I walk with more focus and purpose than I ever have before. Once, in the summer, I ran through the trees with the elf and I believed that the hardest thing I have ever done. We raced the very arrows of the elves, we raced fire and destruction despite our exhaustion but this is far worse. I carry on because I can do no less, and the slowness of my pace is even more painful than the steps themselves. Legolas needs me now, but despite my resolute steps I never seem to get any closer.
After an eternity I am within reach, I am finally there. I pick up a stout branch, the length and width of my arm. I heft it once, twice… I marvel that the lad has not heard my approach but he is too focussed upon what he does. I come closer, I see the delicate pink of his scalp beneath his filthy hair and I know that I can do this and feel no remorse. I am too choked by the terrible emotions I feel from him, I am drowning in them. I see what he does to my friend, I struggle to breathe through his hatred and all I want is for it to stop.
I swing with all of the strength remaining to me and the club makes contact. I crack him about the side of the head and he flies free, sprawling into the leaves and mud with a thin cry of pain and anger. I drop the club and I kick him in the chest, driving him further away. The impact jars my leg atrociously but there is fire in my veins now. It dispels my weariness instantly, and although I know it will be back in due time I make good use of it whilst it is there. It drives him from my mind, my emotions are my own and as he keens and gasps and cries, struggling to gain purchase back to his feet I follow him.

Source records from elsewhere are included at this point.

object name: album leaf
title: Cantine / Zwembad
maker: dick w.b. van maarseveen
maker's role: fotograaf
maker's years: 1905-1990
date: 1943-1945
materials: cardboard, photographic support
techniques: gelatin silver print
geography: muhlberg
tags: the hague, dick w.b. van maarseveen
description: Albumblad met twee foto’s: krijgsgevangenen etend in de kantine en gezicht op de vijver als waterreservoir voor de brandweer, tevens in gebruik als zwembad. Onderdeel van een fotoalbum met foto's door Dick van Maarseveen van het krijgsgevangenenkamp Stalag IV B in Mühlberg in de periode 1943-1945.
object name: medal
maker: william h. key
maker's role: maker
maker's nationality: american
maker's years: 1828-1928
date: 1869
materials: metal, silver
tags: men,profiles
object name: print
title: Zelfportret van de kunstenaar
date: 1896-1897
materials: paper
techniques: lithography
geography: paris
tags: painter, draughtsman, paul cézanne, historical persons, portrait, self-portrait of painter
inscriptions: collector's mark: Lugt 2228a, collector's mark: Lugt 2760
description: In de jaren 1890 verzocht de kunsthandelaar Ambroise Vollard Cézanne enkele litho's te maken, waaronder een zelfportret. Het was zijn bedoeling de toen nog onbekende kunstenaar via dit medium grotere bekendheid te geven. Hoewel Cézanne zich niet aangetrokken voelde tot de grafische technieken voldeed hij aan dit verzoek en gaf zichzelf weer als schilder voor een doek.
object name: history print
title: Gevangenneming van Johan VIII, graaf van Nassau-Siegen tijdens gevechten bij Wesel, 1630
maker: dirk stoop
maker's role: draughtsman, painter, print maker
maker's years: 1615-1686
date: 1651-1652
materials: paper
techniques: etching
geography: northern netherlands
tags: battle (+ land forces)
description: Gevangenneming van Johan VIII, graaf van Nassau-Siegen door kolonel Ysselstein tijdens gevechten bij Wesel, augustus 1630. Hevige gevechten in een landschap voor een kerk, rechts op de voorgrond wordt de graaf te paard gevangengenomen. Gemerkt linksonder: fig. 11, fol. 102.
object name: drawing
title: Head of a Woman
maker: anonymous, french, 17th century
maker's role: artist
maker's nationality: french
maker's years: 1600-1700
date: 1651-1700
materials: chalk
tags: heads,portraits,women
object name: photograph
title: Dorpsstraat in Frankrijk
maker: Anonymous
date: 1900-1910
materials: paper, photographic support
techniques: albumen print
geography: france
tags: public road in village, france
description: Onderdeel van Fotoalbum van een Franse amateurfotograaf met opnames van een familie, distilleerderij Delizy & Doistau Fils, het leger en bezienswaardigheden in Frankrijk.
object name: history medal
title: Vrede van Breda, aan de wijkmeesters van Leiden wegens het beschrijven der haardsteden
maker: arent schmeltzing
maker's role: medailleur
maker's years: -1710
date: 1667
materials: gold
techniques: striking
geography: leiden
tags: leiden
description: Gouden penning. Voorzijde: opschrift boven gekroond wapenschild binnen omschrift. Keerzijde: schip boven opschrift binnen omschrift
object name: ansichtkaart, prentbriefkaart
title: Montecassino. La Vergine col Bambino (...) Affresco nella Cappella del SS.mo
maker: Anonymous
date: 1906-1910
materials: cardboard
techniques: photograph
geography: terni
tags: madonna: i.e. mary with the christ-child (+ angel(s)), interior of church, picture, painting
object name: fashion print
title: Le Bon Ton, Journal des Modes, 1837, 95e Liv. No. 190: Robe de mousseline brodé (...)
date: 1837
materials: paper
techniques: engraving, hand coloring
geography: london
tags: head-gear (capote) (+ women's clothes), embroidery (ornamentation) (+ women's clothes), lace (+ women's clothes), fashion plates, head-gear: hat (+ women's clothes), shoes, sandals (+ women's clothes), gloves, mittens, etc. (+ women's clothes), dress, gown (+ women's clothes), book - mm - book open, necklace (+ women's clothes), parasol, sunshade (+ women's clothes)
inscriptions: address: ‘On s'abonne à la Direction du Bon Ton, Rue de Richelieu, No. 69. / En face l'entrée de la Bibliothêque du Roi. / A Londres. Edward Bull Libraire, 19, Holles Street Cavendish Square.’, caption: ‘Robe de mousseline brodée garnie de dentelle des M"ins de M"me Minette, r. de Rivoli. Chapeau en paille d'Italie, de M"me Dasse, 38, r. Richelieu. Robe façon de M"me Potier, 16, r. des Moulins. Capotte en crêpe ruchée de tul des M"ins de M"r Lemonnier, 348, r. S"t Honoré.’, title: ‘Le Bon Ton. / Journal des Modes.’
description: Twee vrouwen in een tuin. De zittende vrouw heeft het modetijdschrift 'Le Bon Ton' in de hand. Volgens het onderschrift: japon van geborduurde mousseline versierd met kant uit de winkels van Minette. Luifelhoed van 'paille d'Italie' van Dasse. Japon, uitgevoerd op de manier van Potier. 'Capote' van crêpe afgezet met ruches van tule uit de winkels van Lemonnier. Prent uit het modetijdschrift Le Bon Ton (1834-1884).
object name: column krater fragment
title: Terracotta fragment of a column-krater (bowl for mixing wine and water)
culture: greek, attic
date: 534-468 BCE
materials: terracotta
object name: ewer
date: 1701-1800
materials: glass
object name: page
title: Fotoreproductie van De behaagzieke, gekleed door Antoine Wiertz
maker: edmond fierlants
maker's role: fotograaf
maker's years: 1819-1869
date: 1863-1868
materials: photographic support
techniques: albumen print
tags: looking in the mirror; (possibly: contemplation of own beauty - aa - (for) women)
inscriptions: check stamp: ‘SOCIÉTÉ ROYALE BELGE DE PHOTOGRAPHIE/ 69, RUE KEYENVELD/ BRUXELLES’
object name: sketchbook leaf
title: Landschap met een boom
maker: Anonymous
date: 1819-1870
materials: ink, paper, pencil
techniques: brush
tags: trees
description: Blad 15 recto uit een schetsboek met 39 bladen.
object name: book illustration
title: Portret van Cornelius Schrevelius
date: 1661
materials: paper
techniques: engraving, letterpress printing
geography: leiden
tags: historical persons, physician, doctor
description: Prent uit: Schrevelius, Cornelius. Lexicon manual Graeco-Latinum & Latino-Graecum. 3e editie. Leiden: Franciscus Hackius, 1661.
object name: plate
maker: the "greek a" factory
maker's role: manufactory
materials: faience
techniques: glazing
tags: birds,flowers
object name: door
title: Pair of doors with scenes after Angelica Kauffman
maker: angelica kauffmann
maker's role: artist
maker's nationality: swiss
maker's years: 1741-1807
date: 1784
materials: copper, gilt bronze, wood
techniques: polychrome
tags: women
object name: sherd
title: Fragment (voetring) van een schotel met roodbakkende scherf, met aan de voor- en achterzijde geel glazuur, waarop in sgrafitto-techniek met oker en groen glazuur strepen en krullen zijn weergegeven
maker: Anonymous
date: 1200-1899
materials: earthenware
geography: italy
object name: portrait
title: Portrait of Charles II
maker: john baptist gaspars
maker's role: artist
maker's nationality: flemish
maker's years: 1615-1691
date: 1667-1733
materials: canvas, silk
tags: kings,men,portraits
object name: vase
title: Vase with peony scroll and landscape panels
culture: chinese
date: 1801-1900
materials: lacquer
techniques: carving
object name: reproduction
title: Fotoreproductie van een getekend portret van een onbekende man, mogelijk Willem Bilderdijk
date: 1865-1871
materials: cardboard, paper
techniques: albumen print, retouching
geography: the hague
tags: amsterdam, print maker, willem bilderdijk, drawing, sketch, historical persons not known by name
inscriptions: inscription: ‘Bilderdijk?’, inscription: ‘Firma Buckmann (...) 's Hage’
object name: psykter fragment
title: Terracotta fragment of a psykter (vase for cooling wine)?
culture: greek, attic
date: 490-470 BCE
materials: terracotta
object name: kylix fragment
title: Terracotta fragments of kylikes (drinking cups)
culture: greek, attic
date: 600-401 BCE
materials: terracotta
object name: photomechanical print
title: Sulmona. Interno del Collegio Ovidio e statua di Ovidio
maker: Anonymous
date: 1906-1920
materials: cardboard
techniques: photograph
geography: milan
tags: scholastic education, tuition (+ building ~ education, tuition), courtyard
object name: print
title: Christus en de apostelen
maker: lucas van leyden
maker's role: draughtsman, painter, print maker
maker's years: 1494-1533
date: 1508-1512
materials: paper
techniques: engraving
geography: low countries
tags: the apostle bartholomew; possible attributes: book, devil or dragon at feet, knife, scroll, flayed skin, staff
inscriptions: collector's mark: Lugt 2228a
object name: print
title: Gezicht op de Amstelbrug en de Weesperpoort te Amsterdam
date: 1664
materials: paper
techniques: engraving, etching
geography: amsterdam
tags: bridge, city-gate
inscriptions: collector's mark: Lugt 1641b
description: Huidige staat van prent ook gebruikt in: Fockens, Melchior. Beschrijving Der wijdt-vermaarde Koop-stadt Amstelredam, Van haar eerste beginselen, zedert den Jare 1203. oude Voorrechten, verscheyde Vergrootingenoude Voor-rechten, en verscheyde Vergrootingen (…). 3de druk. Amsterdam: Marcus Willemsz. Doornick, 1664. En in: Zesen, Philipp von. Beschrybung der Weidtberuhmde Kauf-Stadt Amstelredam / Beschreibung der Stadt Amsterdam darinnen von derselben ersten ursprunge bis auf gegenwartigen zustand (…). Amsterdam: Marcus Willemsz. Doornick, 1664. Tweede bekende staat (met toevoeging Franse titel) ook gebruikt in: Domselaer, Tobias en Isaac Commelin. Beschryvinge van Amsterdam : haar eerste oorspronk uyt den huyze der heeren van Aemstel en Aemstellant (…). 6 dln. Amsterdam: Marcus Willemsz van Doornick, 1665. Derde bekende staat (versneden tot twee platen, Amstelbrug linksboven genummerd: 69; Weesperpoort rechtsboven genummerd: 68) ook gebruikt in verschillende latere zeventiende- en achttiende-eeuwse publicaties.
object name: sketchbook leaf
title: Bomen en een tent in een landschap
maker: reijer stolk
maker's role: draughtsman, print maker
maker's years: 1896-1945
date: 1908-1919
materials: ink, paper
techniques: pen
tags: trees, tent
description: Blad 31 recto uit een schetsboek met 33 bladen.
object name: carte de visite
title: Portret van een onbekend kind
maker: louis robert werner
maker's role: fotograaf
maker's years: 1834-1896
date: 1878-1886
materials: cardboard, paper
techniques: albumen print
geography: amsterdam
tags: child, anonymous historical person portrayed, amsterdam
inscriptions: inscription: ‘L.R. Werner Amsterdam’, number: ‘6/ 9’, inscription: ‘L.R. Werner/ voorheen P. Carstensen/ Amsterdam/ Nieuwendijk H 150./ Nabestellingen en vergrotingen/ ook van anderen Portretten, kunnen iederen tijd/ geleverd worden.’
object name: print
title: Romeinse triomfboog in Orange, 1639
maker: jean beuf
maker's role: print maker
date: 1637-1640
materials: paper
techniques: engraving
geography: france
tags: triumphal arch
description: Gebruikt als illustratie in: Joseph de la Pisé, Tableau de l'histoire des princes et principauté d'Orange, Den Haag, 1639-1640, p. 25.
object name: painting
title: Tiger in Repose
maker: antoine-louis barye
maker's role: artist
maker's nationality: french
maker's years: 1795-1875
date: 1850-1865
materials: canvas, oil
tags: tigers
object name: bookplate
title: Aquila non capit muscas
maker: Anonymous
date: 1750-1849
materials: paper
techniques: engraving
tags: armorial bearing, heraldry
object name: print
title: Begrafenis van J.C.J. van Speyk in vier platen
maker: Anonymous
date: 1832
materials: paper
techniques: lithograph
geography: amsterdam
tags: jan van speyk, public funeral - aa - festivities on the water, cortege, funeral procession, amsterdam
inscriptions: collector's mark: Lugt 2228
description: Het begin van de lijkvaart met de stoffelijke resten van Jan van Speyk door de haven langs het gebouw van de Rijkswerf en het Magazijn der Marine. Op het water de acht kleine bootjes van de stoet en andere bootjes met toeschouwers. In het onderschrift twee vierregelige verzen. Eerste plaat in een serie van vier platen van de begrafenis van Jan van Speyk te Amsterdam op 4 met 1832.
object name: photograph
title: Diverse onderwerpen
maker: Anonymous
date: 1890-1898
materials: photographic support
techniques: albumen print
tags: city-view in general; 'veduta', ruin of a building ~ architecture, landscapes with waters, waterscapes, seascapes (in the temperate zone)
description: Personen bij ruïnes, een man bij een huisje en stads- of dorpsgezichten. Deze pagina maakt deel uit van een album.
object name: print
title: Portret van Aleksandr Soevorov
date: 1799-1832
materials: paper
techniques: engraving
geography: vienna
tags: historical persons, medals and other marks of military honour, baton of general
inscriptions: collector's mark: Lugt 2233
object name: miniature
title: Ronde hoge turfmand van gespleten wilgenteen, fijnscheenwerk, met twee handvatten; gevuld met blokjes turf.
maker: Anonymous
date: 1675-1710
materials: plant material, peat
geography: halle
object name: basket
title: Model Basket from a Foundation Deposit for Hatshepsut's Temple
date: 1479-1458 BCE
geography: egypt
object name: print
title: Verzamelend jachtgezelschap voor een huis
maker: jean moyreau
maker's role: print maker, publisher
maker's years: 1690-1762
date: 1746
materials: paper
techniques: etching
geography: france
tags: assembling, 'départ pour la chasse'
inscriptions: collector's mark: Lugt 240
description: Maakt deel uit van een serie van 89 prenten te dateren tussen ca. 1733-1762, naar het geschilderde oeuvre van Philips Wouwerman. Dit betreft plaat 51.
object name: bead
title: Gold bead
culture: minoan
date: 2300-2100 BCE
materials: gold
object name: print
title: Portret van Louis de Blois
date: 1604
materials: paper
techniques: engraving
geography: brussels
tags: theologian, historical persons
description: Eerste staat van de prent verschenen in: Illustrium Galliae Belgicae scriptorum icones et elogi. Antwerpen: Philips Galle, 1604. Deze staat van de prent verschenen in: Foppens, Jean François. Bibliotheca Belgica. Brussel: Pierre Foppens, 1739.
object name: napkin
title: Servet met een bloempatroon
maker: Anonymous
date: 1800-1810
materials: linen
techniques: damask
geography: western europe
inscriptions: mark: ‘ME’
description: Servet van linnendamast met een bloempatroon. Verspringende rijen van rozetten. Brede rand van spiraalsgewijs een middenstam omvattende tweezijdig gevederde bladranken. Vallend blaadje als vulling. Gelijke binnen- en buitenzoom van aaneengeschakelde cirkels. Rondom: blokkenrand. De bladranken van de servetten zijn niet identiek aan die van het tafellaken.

I kick him again and again. Each time he sprawls even further away, each time he falls back to the ground and his cries become more pitiful. I close my ears to them; he is a hateful and cowardly thing, a crawling and revolting thing and I hate him. I hate him with my own hatred, my own rage. It feels cleaner than the rage he has forced upon me, it feels real and right and pure.
I kick him in the face, the chest, the stomach. I drag him upright and I strike him once, twice and then again before dropping him. I wipe my hand upon my leg, feeling dirty from the contact but the sight of his bleeding and damaged face further fuels my rage. I beat the lad into insensibility, and I bellow my rage at him. It releases something in me that has been knotted tight as bindweed. Something in my chest releases and I cry again.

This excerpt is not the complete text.